Driver Profiles
Paramjit Singh Winnipeg, Manitoba / September 27, 1989 Paramjit Singh was last heard from at about 7:30 p.m. on Thursday, Sept. 27, 1989. He had been dispatched to pick up a fare at Corydon Avenue and Arbuthnot Street, but he radioed the dispatcher that nobody was there. The 28-year-old father of two then called his wife and told her that he had a fare going downtown and that he would be home for lunch at 9:45 p.m. He never arrived.
Mr. Singh's taxi was found Thursday night about 11:20 p.m. behind a marketing office at 250 Panet Road. There were blood stains on exterior of the cab on the driver's side. About 30 police officers and a helicopter were detailed to look for him.
On Friday afternoon two 13-year-old boys riding home in a school bus spotted something in the ditch along Sapton Road, east of Bird's Hill Provincial Park. Sapton Road was a busy thoroughfare but the bottom of the ditch was too deep to be visible from a car.
At about 3 p.m. on Sunday afternoon the boys decided to investigate what they had seen and discovered Mr. Singh's body face down in the ditch. His trousers and underwear were pulled down to his ankles. He had been shot in the chest with a shotgun.
Mr. Singh's murder -- the third taxi driver murder in a little over three years -- sparked new demands for safety measures. Manitoba Legislative Assembly member Gulzar Cheema also linked the issue of cab safety to racism, noting that East Indian drivers had complained to him about the racial abuse they encountered.
"The East Indian community finds it hard to separate the issues of cabbie safety and race relations because about 60 percent of them work in the industry," Cheema said.
On October 3 the Manitoba government announced it would set up a committee to review taxicab safety. Cheema said that instead the government should simply implement the recommendations that arose from the report that was commissioned after Gurnam Singh Dhaliwal's death in 1986. The report had called for mandatory protective shields.
In 1986 the New Democratic government acted on the recommendation but then backed down in the face of objections from cab owners. The province's Advisory Committee Workplace Safety and Health claimed to have dropped the idea when it was found that no existing shield designs would guarantee passenger safety. However a local window company owner said he installed shields in 276 taxis during the two weeks that they were mandatory.
Also on October 3, police arrested a 22-year-old man in a Galt Street hostel and charged him with Mr. Singh's murder.
Paramjit Singh. (Source: Winnipeg Sun, October 1, 1989, p. 4)
On October 10 the case took a new twist when it was learned that Mr. Singh had activated an emergency distress signal but the dispatcher did not notify police.
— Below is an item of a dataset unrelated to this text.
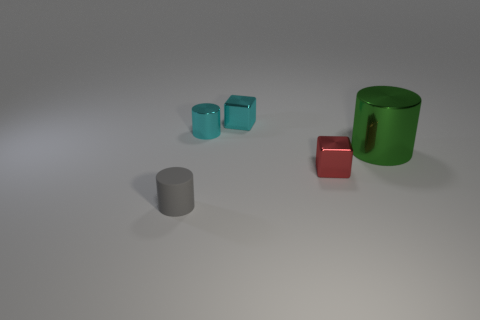Subtract all small gray rubber cylinders. How many cylinders are left? 2 Subtract all cyan cylinders. How many cylinders are left? 2 Subtract 2 cubes. How many cubes are left? 0 Subtract all cyan blocks. How many brown cylinders are left? 0 Add 3 purple cubes. How many objects exist? 8 Subtract all blocks. How many objects are left? 3 Add 5 cubes. How many cubes exist? 7 Subtract 0 cyan balls. How many objects are left? 5 Subtract all yellow cylinders. Subtract all purple balls. How many cylinders are left? 3 Subtract all small purple rubber blocks. Subtract all tiny cyan metallic cylinders. How many objects are left? 4

A police investigation later found no evidence of criminal negligence.
Mr. Singh's funeral on October 10 was attended by about 300 people, half of them taxi drivers. About 100 cabs, flying black ribbons from their radio aerials, joined the funeral procession.
At the same time, highways minister Albert Driedger announced that the government would be making the installation of shields mandatory. Ironically the Driedger's Conservative party had opposed mandatory shields when the NDP government introduced the measure in 1986.
However, it took the death of another Winnipeg cab driver, Pritam Deol before the mandatory shield policy was finally implemented.